▸ Required action: Transcribe nothing except the lines below that run from the one with "Formatted like this" to the one with "camera. One object per line.", ends included, and do not copy any picture.

Items from a data source:
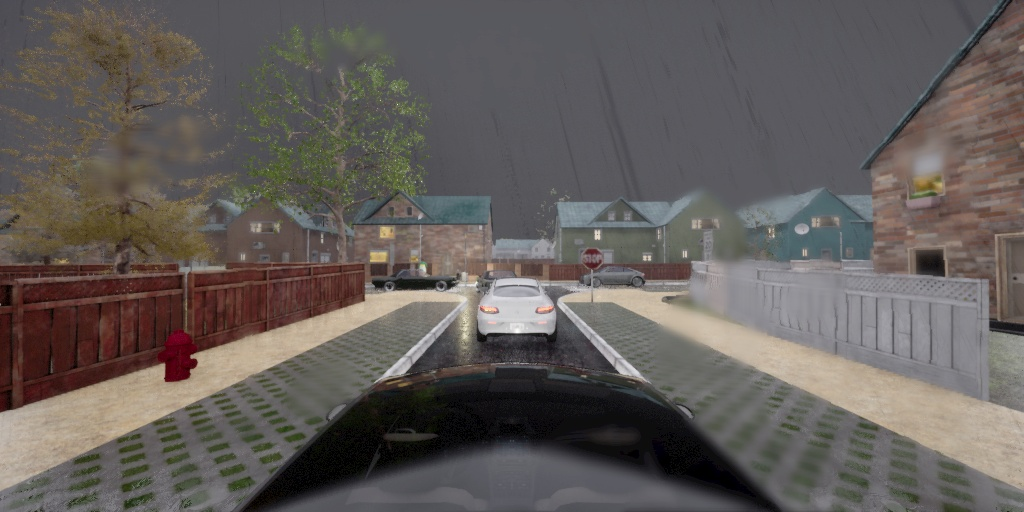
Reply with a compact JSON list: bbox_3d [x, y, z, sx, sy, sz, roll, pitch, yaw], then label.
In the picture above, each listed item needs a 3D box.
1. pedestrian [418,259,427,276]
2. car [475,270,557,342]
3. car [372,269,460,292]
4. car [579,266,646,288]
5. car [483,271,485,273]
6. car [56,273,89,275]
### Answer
[{"bbox_3d":[-6.684,1.118,26.753,0.375,1.860,0.375,0,-1,1],"label":"pedestrian"},{"bbox_3d":[0.108,1.279,9.660,1.812,1.442,4.674,0,0,0],"label":"car"},{"bbox_3d":[-5.469,1.416,20.867,4.718,1.301,1.895,-1,-1,1],"label":"car"},{"bbox_3d":[6.553,1.344,23.650,4.181,1.385,1.994,0,-1,1],"label":"car"},{"bbox_3d":[-0.746,1.366,18.479,1.895,1.301,4.718,0,-1,-12],"label":"car"},{"bbox_3d":[-25.594,1.632,21.150,4.718,1.301,1.895,-1,-1,1],"label":"car"}]
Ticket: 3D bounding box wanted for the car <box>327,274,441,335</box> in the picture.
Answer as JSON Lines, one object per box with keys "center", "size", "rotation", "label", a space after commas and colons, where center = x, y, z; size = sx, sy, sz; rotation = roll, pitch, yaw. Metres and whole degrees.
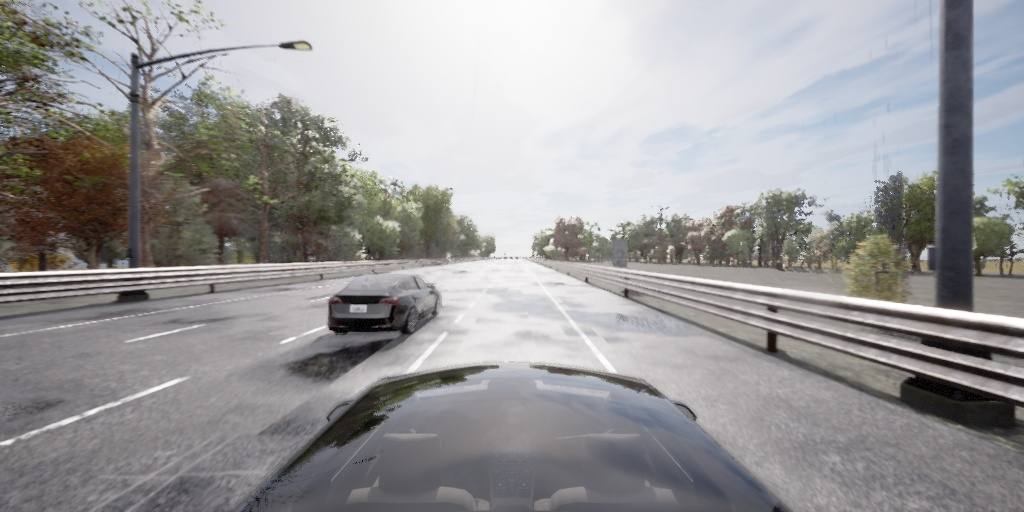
{"center": [-3.431, 1.238, 10.438], "size": [2.163, 1.488, 4.792], "rotation": [0, 0, 1], "label": "car"}
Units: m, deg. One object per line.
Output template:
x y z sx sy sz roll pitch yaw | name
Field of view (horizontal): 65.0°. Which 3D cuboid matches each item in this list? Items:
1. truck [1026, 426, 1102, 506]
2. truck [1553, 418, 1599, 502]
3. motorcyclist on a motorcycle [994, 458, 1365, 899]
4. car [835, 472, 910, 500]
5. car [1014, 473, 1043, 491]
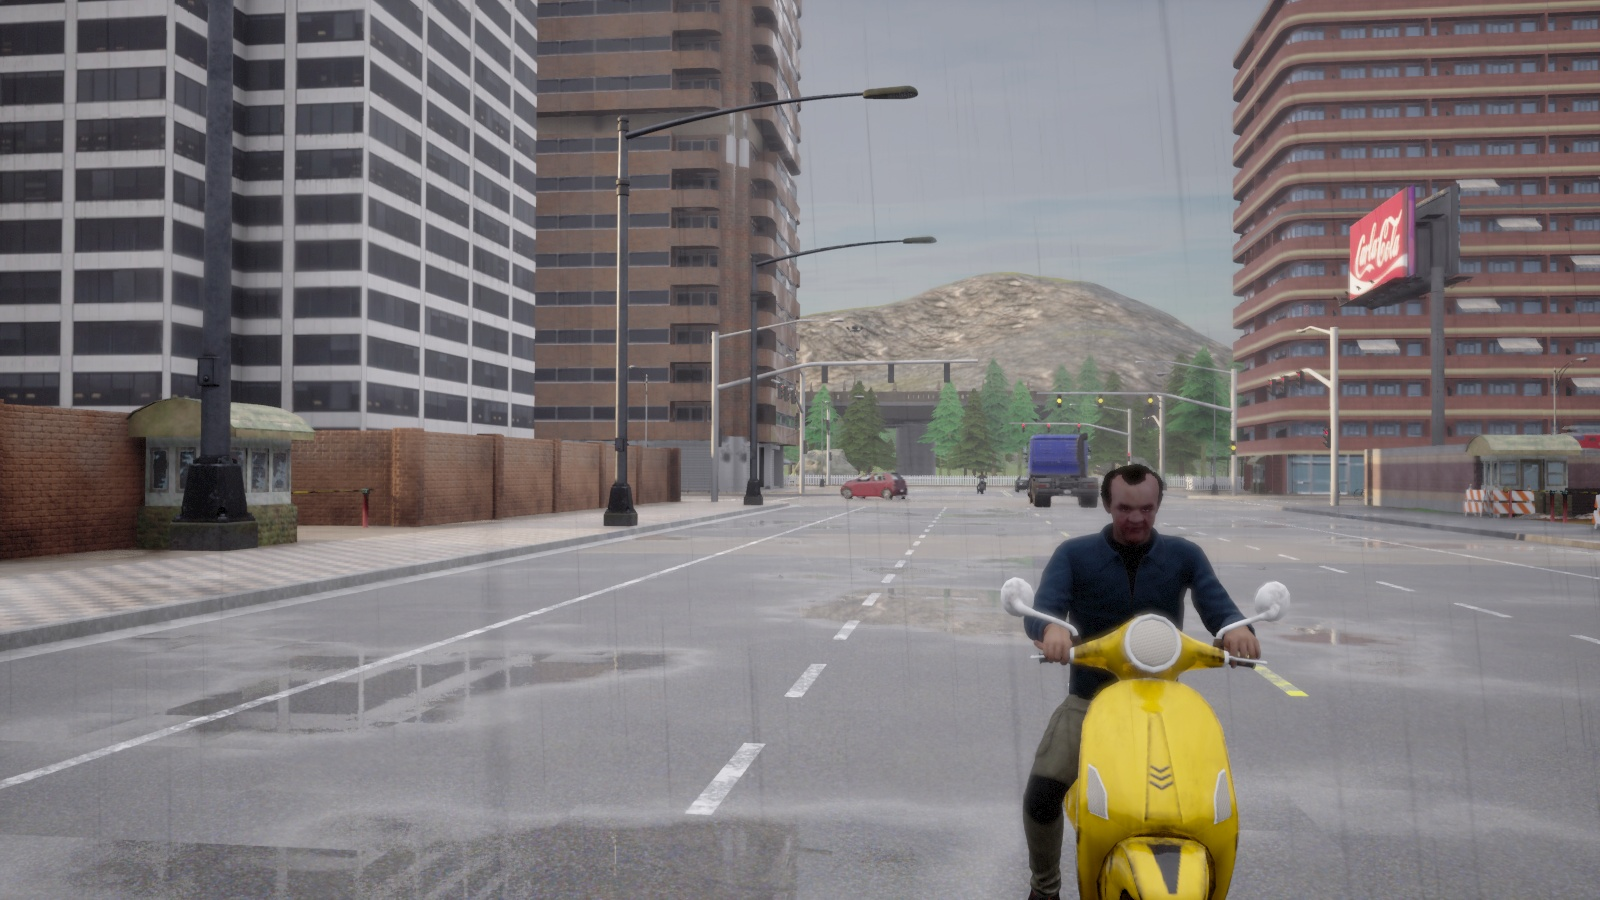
12.236 0.769 58.831 2.891 3.462 7.936 0 -1 8 | truck
40.023 0.462 58.021 8.468 3.827 2.891 0 -1 8 | truck
1.080 0.831 4.042 0.866 1.590 1.817 0 -1 8 | motorcyclist on a motorcycle
3.914 1.957 68.312 3.633 1.501 1.845 -1 -1 34 | car
17.337 2.444 95.418 1.895 1.301 4.718 0 -1 8 | car
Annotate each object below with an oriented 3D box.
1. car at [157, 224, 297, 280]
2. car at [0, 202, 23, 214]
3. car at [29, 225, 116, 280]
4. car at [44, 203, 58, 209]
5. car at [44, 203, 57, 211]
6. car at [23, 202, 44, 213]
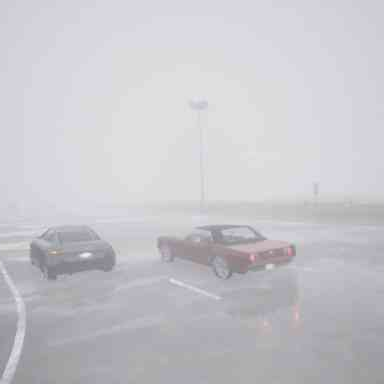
[{"bbox_3d":[0.727,1.644,10.206,1.895,1.301,4.718,-2,0,-34],"label":"car"},{"bbox_3d":[-32.048,2.764,58.923,2.150,2.045,5.566,-2,0,-34],"label":"car"},{"bbox_3d":[-4.053,1.783,10.951,1.994,1.385,4.181,-2,-1,-33],"label":"car"},{"bbox_3d":[-34.476,3.319,81.220,2.033,1.411,5.357,-2,0,-34],"label":"car"},{"bbox_3d":[-28.272,2.978,65.837,1.812,1.442,4.674,-2,0,-34],"label":"car"},{"bbox_3d":[-29.075,3.009,60.786,1.994,1.385,4.181,-2,0,-34],"label":"car"}]
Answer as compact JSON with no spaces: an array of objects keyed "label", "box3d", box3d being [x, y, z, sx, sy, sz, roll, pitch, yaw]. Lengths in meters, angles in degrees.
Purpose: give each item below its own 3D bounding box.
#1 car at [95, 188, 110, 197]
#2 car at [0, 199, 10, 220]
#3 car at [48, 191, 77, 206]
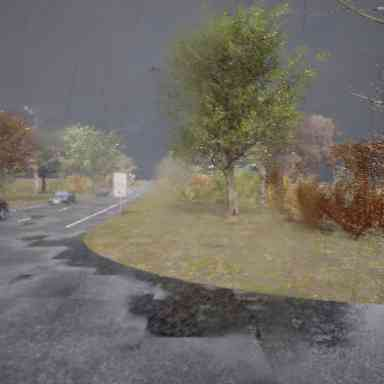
[{"label":"car","box3d":[-15.163,0.080,56.673,1.837,1.490,4.892,1,1,-5]},{"label":"car","box3d":[-11.963,0.952,18.257,2.128,1.511,4.902,1,1,-2]},{"label":"car","box3d":[-13.220,0.625,34.203,1.812,1.442,4.674,1,1,-5]}]
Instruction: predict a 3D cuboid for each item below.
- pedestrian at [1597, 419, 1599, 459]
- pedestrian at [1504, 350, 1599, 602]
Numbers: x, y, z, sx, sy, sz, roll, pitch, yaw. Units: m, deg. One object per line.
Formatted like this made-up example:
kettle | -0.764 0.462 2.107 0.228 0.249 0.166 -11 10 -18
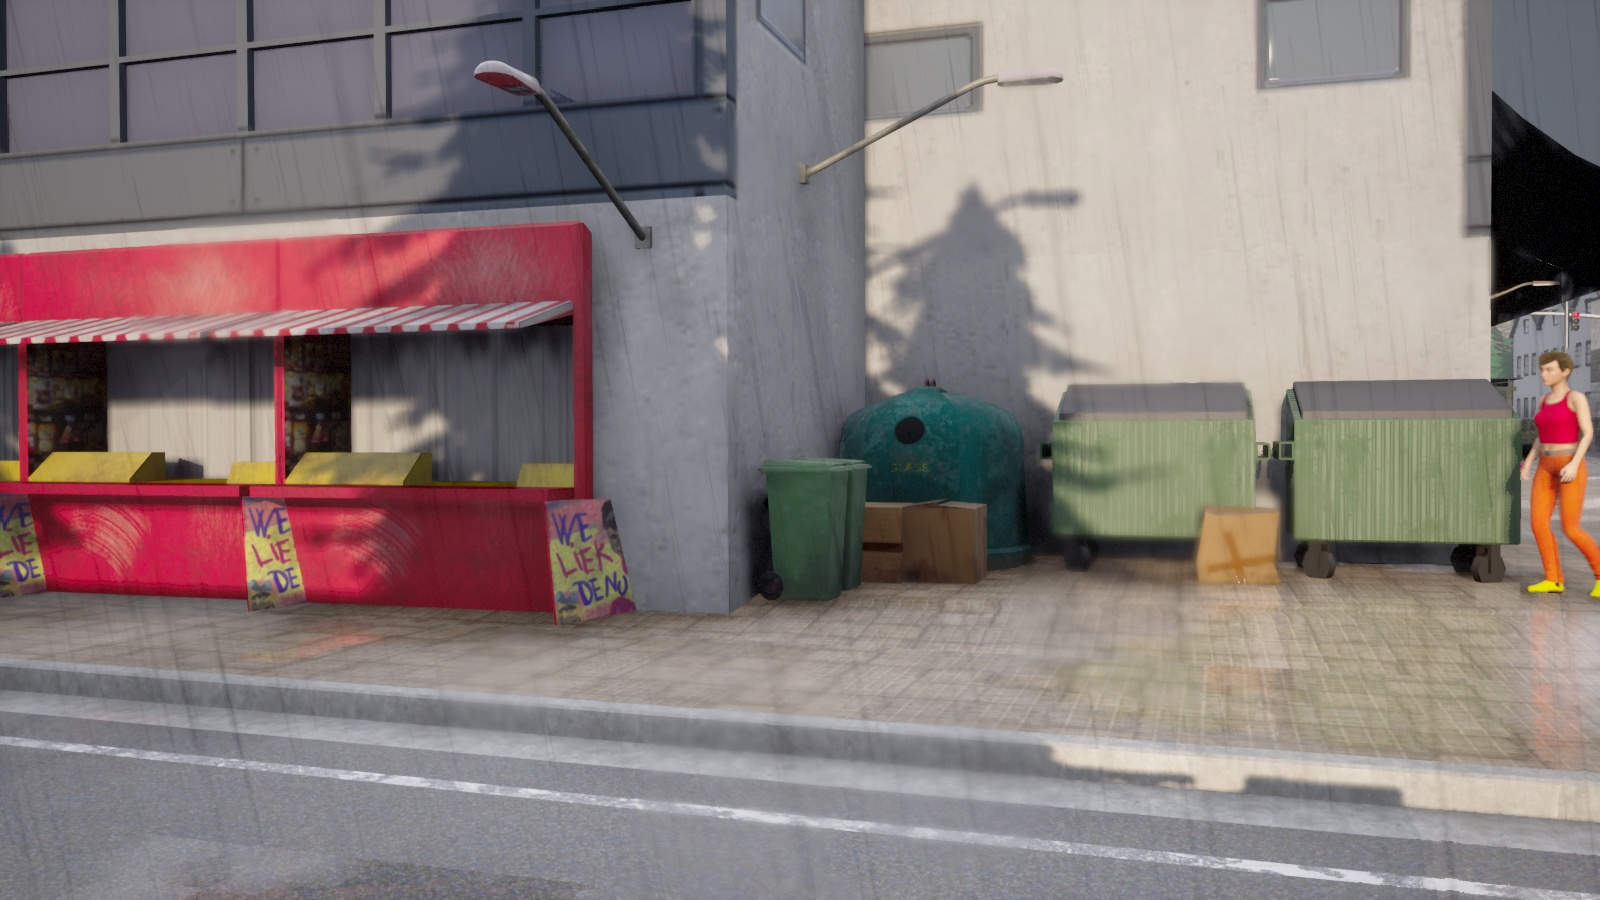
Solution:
pedestrian | 39.920 -0.541 62.307 0.423 1.949 0.788 1 1 18
pedestrian | 5.645 0.188 9.356 0.594 1.836 0.345 0 1 -8
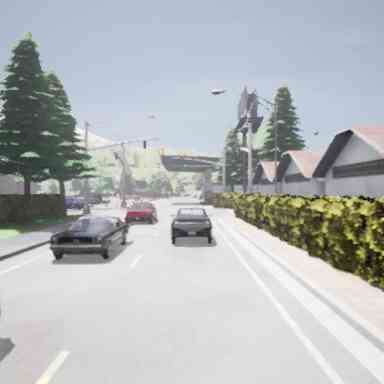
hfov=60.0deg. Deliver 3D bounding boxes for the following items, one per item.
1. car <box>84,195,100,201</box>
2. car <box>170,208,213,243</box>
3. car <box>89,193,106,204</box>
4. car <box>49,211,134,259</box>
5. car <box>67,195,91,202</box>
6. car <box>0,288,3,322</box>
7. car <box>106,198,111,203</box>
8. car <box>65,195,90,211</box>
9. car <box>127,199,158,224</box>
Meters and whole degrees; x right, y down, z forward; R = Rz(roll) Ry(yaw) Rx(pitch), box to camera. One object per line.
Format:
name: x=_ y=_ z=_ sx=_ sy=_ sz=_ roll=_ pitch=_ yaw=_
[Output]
car: x=-24.719 y=1.416 z=82.314 sx=3.633 sy=1.501 sz=1.845 roll=0 pitch=0 yaw=-1
car: x=-0.023 y=1.502 z=16.139 sx=2.128 sy=1.511 sz=4.902 roll=0 pitch=0 yaw=-1
car: x=-17.239 y=1.144 z=56.682 sx=3.866 sy=1.878 sz=1.905 roll=0 pitch=0 yaw=-1
car: x=-3.686 y=1.616 z=12.776 sx=1.895 sy=1.301 sz=4.718 roll=0 pitch=0 yaw=0
car: x=-24.618 y=1.388 z=72.321 sx=4.514 sy=1.523 sz=2.007 roll=0 pitch=0 yaw=-1
car: x=-3.612 y=1.486 z=2.655 sx=1.882 sy=1.535 sz=5.008 roll=0 pitch=0 yaw=0
car: x=-16.675 y=1.429 z=60.015 sx=3.806 sy=1.475 sz=1.970 roll=0 pitch=0 yaw=-1
car: x=-14.409 y=1.384 z=37.687 sx=4.674 sy=1.442 sz=1.812 roll=0 pitch=0 yaw=0
car: x=-3.698 y=1.528 z=24.953 sx=1.882 sy=1.535 sz=5.008 roll=0 pitch=0 yaw=0
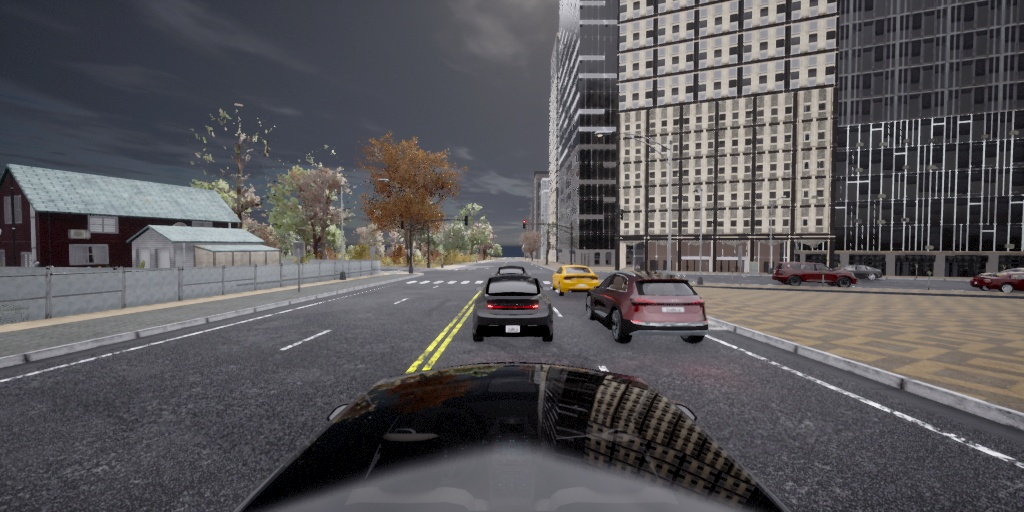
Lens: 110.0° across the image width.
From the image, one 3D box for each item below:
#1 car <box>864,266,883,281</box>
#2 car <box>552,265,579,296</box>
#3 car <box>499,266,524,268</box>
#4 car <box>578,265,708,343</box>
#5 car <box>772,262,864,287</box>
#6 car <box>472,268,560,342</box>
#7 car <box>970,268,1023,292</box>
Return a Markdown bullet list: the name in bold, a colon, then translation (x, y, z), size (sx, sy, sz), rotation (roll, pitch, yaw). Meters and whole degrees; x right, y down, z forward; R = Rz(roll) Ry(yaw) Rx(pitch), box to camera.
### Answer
- **car**: translation (30.988, 1.468, 32.952), size (4.403, 1.370, 2.007), rotation (0, 0, 20)
- **car**: translation (3.284, 1.224, 19.263), size (1.882, 1.535, 5.008), rotation (0, 0, 0)
- **car**: translation (-0.031, 1.251, 18.450), size (1.837, 1.490, 4.892), rotation (0, 0, 0)
- **car**: translation (3.334, 1.177, 9.658), size (2.033, 1.649, 4.856), rotation (0, 0, 0)
- **car**: translation (22.965, 1.393, 27.488), size (5.009, 1.841, 2.192), rotation (0, 0, 20)
- **car**: translation (0.030, 1.252, 9.783), size (1.837, 1.490, 4.892), rotation (0, 0, 0)
- **car**: translation (33.619, 1.716, 23.611), size (4.507, 1.381, 1.888), rotation (0, 0, 20)
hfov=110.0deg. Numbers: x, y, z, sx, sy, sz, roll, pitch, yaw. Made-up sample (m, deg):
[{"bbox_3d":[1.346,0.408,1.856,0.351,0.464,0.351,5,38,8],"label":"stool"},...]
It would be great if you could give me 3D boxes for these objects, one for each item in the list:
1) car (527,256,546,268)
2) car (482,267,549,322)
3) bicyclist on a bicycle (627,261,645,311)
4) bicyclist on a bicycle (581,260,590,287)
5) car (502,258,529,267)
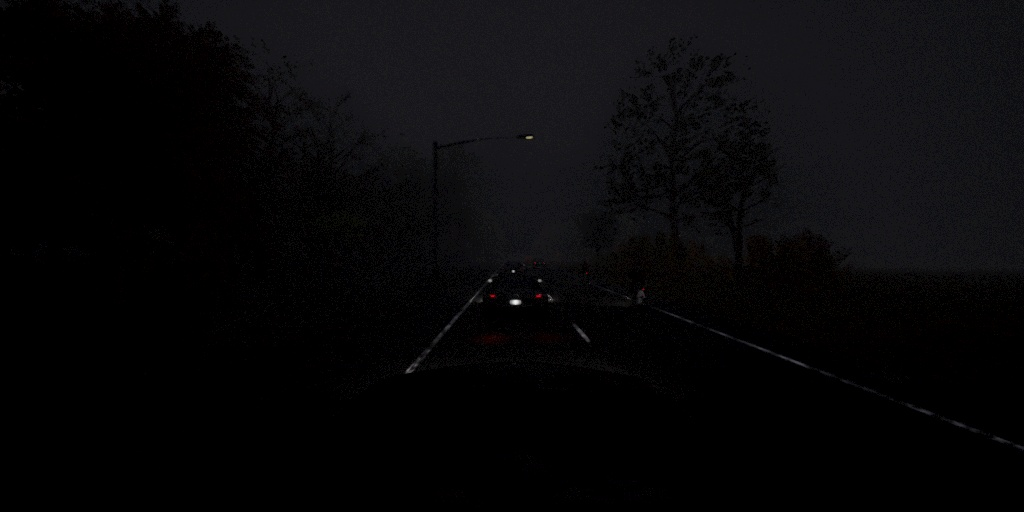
[{"bbox_3d":[3.609,0.964,49.396,2.033,1.411,5.357,0,0,0],"label":"car"},{"bbox_3d":[0.100,1.241,12.011,1.994,1.385,4.181,0,0,0],"label":"car"},{"bbox_3d":[4.468,1.042,13.012,0.659,1.776,1.843,0,1,0],"label":"bicyclist on a bicycle"},{"bbox_3d":[4.470,1.062,21.822,0.582,1.620,1.656,0,0,0],"label":"bicyclist on a bicycle"},{"bbox_3d":[0.104,1.118,29.594,1.994,1.385,4.181,0,0,0],"label":"car"}]

▸ Solution for this exercise:
Formatted like this made-up example:
kettle | -0.764 0.462 2.107 0.228 0.249 0.166 -11 10 -18
Solution:
pedestrian | 39.920 -0.541 62.307 0.423 1.949 0.788 1 1 18
pedestrian | 5.645 0.188 9.356 0.594 1.836 0.345 0 1 -8
hfov=60.0deg. Deliver 3D bounding boxes for the following items, one per item.
1. car <box>84,195,100,201</box>
2. car <box>170,208,213,243</box>
3. car <box>89,193,106,204</box>
4. car <box>49,211,134,259</box>
5. car <box>67,195,91,202</box>
6. car <box>0,288,3,322</box>
7. car <box>106,198,111,203</box>
8. car <box>65,195,90,211</box>
9. car <box>127,199,158,224</box>
Meters and whole degrees; x right, y down, z forward; R = Rz(roll) Ry(yaw) Rx(pitch), box to camera. One object per line.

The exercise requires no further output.